In Quality Comics, Captain Triumph’s dead brother’s fiance, Kim Meredith, eventually becomes Captain Triumph’s fiance as well. I guess because they were twins it’s not such a big change. And like many stories it’s a case superpowers, chicks dig the superpowers.

The original Flash, Jay Garrick, had a girlfriend named Joan Williams, later Joan Garrick. She does not put on a costume and does not get super powers in story after another. But she is a solid individual who is never anything other than a rock. Not only do the two of them live in the Midwest, they embody the spirit that part of the country found most admirable in the forties.

The girlfriend or boyfriend of a superhero is nothing other than a way of showing us the character of the superhero. The Flash is not the same character without Joan. In that, let’s look at the old girlfriend in a fridge trope. This kind of loss was done before, but rather better done than the losses suffered as of late.

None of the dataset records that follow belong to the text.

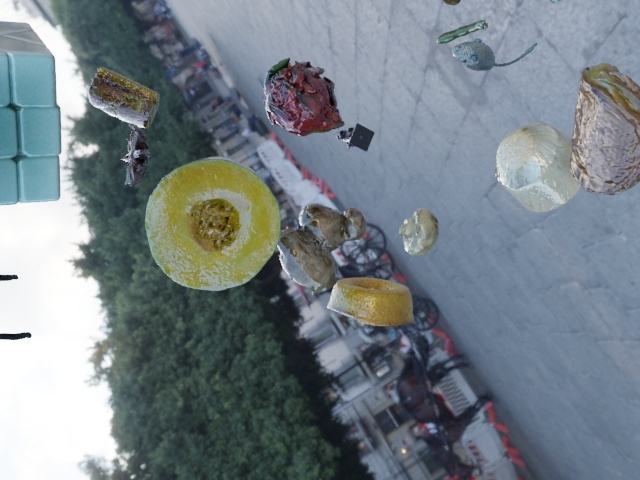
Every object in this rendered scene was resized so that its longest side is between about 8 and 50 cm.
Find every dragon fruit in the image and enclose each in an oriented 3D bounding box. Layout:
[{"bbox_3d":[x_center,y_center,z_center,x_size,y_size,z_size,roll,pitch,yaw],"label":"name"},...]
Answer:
[{"bbox_3d":[-0.042,-0.406,1.810,0.293,0.233,0.234,37,-179,-9],"label":"dragon fruit"}]

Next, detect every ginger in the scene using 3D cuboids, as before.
[{"bbox_3d":[0.000,0.000,1.892,0.245,0.304,0.155,37,176,-9],"label":"ginger"}]

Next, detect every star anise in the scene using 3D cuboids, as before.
[{"bbox_3d":[-0.391,-0.184,1.288,0.141,0.042,0.140,-1,89,57],"label":"star anise"}]

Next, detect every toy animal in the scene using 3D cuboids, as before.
[{"bbox_3d":[0.454,-0.483,1.593,0.079,0.253,0.070,165,100,-66],"label":"toy animal"}]

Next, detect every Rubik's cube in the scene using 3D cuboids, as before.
[{"bbox_3d":[-0.726,-0.267,1.231,0.319,0.322,0.315,42,131,47],"label":"Rubik's cube"}]

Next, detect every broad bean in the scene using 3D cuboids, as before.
[{"bbox_3d":[0.507,-0.740,2.139,0.227,0.069,0.039,2,128,56],"label":"broad bean"}]

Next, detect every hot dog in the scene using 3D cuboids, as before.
[{"bbox_3d":[0.556,-0.218,1.158,0.272,0.122,0.196,72,-179,-46],"label":"hot dog"}]

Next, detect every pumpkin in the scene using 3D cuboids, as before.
[{"bbox_3d":[-0.272,-0.054,1.546,0.332,0.333,0.199,59,178,-18],"label":"pumpkin"}]

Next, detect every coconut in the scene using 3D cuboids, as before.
[{"bbox_3d":[0.764,-0.243,2.073,0.328,0.329,0.329,58,177,4],"label":"coconut"}]

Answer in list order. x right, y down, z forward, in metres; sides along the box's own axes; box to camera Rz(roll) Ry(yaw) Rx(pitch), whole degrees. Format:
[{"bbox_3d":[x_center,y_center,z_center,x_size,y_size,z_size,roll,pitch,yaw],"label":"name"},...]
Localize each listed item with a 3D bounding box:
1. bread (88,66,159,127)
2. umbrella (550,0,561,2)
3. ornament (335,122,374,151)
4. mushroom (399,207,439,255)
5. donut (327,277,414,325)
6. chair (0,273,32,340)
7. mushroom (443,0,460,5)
[{"bbox_3d":[-0.532,-0.382,1.641,0.172,0.103,0.132,24,164,-12],"label":"bread"},{"bbox_3d":[0.523,-0.590,1.313,0.046,0.188,0.050,7,148,27],"label":"umbrella"},{"bbox_3d":[0.101,-0.385,2.244,0.081,0.088,0.203,24,180,-33],"label":"ornament"},{"bbox_3d":[0.301,-0.026,1.835,0.112,0.147,0.148,24,-174,-14],"label":"mushroom"},{"bbox_3d":[0.173,0.194,2.002,0.303,0.303,0.110,-134,50,-78],"label":"donut"},{"bbox_3d":[-0.564,0.111,0.937,0.213,0.149,0.174,123,132,-75],"label":"chair"},{"bbox_3d":[0.318,-0.644,1.509,0.123,0.052,0.123,-17,-90,-89],"label":"mushroom"}]
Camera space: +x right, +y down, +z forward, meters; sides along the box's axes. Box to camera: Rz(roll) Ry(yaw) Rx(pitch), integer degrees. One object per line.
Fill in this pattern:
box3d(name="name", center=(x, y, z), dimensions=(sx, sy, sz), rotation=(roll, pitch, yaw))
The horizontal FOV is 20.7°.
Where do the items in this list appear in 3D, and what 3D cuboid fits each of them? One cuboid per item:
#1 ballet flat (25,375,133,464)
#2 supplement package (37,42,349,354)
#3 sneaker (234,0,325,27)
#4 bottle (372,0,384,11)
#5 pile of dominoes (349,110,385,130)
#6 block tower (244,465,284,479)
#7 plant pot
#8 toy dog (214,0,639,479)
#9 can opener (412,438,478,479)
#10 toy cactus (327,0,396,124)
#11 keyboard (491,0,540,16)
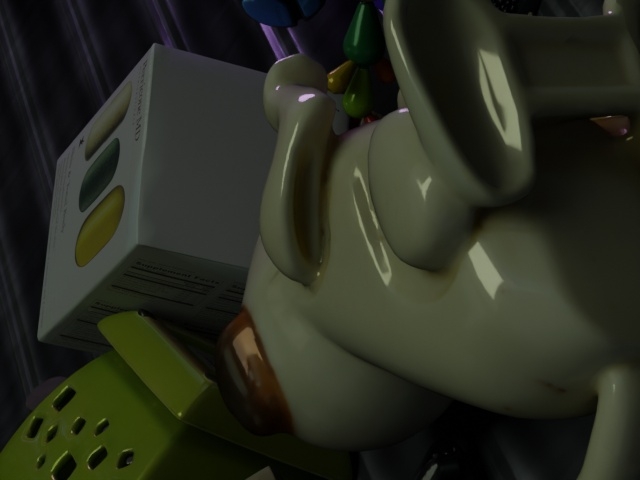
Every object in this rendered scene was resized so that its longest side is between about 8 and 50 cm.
box3d(name="ballet flat", center=(-0.228, 0.200, 1.845), dimensions=(0.084, 0.058, 0.250), rotation=(-44, 32, -25))
box3d(name="supplement package", center=(-0.120, -0.019, 1.621), dimensions=(0.262, 0.198, 0.199), rotation=(-38, 44, 55))
box3d(name="sneaker", center=(0.015, -0.363, 1.632), dimensions=(0.341, 0.125, 0.140), rotation=(-48, 37, 28))
box3d(name="bottle", center=(0.131, -0.307, 1.511), dimensions=(0.283, 0.118, 0.092), rotation=(-40, 26, 41))
box3d(name="pile of dominoes", center=(0.000, 0.000, 1.630), dimensions=(0.196, 0.040, 0.251), rotation=(10, 82, 55))
box3d(name="block tower", center=(0.005, 0.340, 1.346), dimensions=(0.091, 0.097, 0.335), rotation=(-31, 56, 3))
box3d(name="plant pot", center=(-0.122, 0.200, 1.549), dimensions=(0.207, 0.228, 0.227), rotation=(-60, 35, 6))
box3d(name="toy dog", center=(0.096, 0.025, 1.299), dimensions=(0.408, 0.284, 0.395), rotation=(-31, 78, 52))
box3d(name="can opener", center=(0.071, 0.241, 1.402), dimensions=(0.059, 0.073, 0.186), rotation=(45, 121, 44))
box3d(name="toy cactus", center=(0.058, -0.194, 1.499), dimensions=(0.180, 0.112, 0.219), rotation=(50, 141, 9))
box3d(name="keyboard", center=(0.147, -0.168, 1.510), dimensions=(0.100, 0.038, 0.192), rotation=(16, 88, 55))
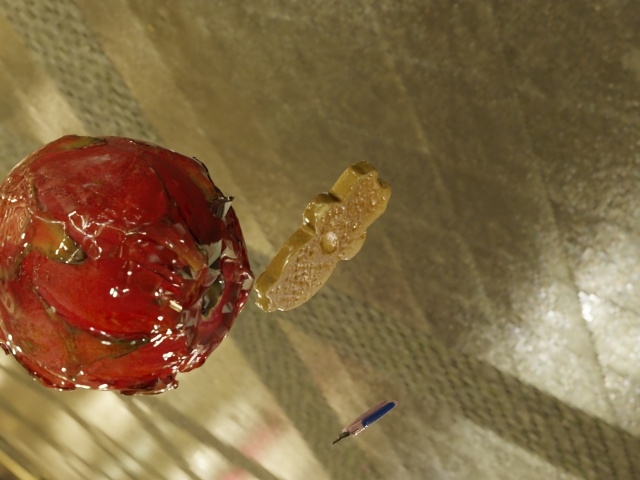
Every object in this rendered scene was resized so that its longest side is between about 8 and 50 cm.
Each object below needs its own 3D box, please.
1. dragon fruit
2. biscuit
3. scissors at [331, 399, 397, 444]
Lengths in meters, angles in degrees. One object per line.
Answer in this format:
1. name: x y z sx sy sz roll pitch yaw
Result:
1. dragon fruit: -0.231 0.029 1.301 0.302 0.295 0.295 17 152 24
2. biscuit: 0.000 0.000 1.474 0.036 0.225 0.166 38 179 25
3. scissors: 0.059 0.255 1.642 0.012 0.113 0.039 62 151 -5
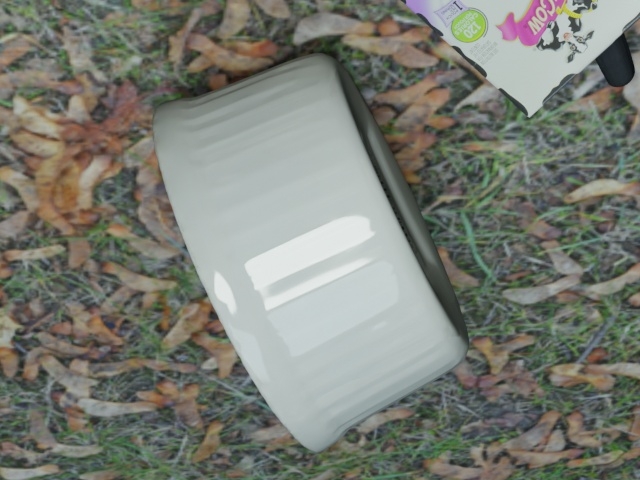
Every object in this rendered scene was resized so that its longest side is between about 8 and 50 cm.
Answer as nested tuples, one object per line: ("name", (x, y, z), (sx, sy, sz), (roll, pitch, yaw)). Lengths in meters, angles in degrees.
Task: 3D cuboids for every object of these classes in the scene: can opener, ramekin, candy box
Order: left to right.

Til death do us part? We're not even together, yet. Wow, am I going to macrame your intestines!

Til death do us part? We’re not even together, yet. Wow, am I going to macrame your intestines!

 Do girlfriends and fiancees in comic books stand up for themselves this well now?

Do girlfriends and fiancees in comic books stand up for themselves this well now?

Jim Corrigan was a cop who was shot and his body dumped in a barrel which was filled with cement and dumped into the bottom of a lake. He expected to leave this world behind but was told to come back to this world and be the Wrath of God. The murdered man became the Spectre, and having never made it to his and Clarice’s engagement party, he broke off the engagement. It nearly killed him to tell her that. That’s how you know the man.